The financial stability report, of course, made no mention of pandemics or social distancing. It didn't need to — the risk to the financial system and the economy is posed by any recessionary shock. The coronavirus just happened to be the first one that come along.

 Narayana hits on a good point here. I think there is a lot of sympathy for corporations, like airlines, because "this wasn't their fault." But a recession is never an individual company's fault. And the premium you get -- the higher interest rate -- for holding corporate debt comes entirely from the fact that corporate bonds lose value in recessions -- in aggregate "bad times." The Fed is willing to let us hold idiosyncratic risk. But idiosyncratic risk is not priced.

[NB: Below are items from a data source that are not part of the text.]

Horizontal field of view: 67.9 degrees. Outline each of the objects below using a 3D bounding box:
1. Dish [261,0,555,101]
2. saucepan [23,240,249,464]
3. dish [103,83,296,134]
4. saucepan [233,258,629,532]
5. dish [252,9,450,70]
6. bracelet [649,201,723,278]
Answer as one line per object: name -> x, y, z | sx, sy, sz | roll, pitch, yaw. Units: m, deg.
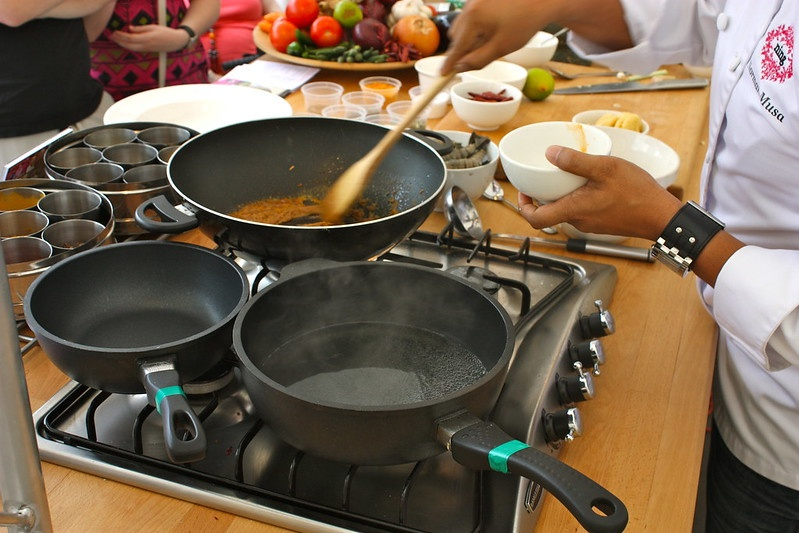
Dish -> -0.044, -0.681, 1.983 | 0.656, 0.069, 0.626 | -10, 33, -20
saucepan -> -0.343, 0.121, 0.824 | 0.301, 0.115, 0.455 | -9, 36, -28
dish -> -0.484, -0.394, 1.490 | 0.317, 0.041, 0.314 | -15, 35, -27
saucepan -> 0.050, 0.150, 0.806 | 0.546, 0.130, 0.308 | 19, 49, 22
dish -> -0.138, -0.746, 2.080 | 0.476, 0.055, 0.479 | 17, 23, 29
bracelet -> 0.509, -0.045, 1.054 | 0.077, 0.109, 0.075 | -31, 51, -24
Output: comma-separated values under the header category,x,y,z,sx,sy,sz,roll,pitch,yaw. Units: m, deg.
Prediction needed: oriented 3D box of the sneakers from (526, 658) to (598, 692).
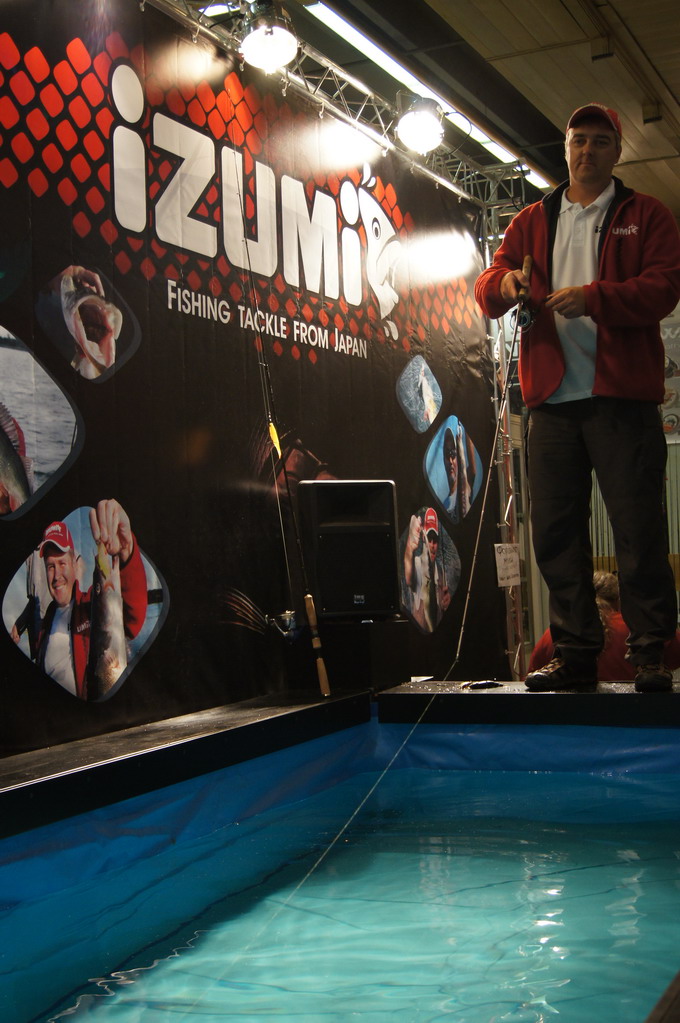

Or perhaps the market is allowed to absorb risk for little recessions but "this shock was too big." Well, it's also taking the left tail that generates the premium.
In the 2007-09 financial crisis, governments around the world engaged in large amounts of subsidized lending to financial institutions. These interventions were rightly seen by many as a subsidy to future risk-taking by those institutions — risk-taking that can deepen any recessionary shock. To prevent this moral hazard, financial institutions are now required hold a lot more capital — that is, be much less leveraged, thus lowering the need for future bailouts.  
We shouldn't let the novel source of the 2020 downturn fool us: The interventions by the Fed and Treasury are creating the same sort of subsidy for risk-taking by nonfinancial corporations. We will need the same kind of post-recession policy response: Congress should use its power to tax or regulate to discourage or even bar the country's large corporations from being too highly leveraged or using risky financing instruments. Otherwise, corporation will be further incentivized to take on too much risk and force another, possibly larger, bailout when another recession hits. 

2 comments:

  1. One important difference is that now what we have is not actually a "recession", it is essentially a natural calamity that is hitting business in specific sectors (mainly travel, restaurants, hotels). These businesses never insured themselves against this sort of risk because nobody was aware of the possibility of a pandemic induced global lockdown before 2 months ago: it is a novel kind of event in world history. In fact, a few decades ago the technology to shift to implement a lockdown and shift to remote work for hundreds of millions didn't even exist.

    The Pareto efficient thing would be to insure against pandemic knockdown but nobody did that because nobody was aware of this possibility. It revealed itself now as it occurs. The government is acting as an insurance agaisnt a novel natural calamity. Yes, it is using it's power of coercion to replace the function of a market for pandemic induced lockdown insurance that couldn't exist because nobody was aware of such possibility. I call it revelation of incomplete markets by backward induction.

    So I think this bailout might be justified as a form of insurance.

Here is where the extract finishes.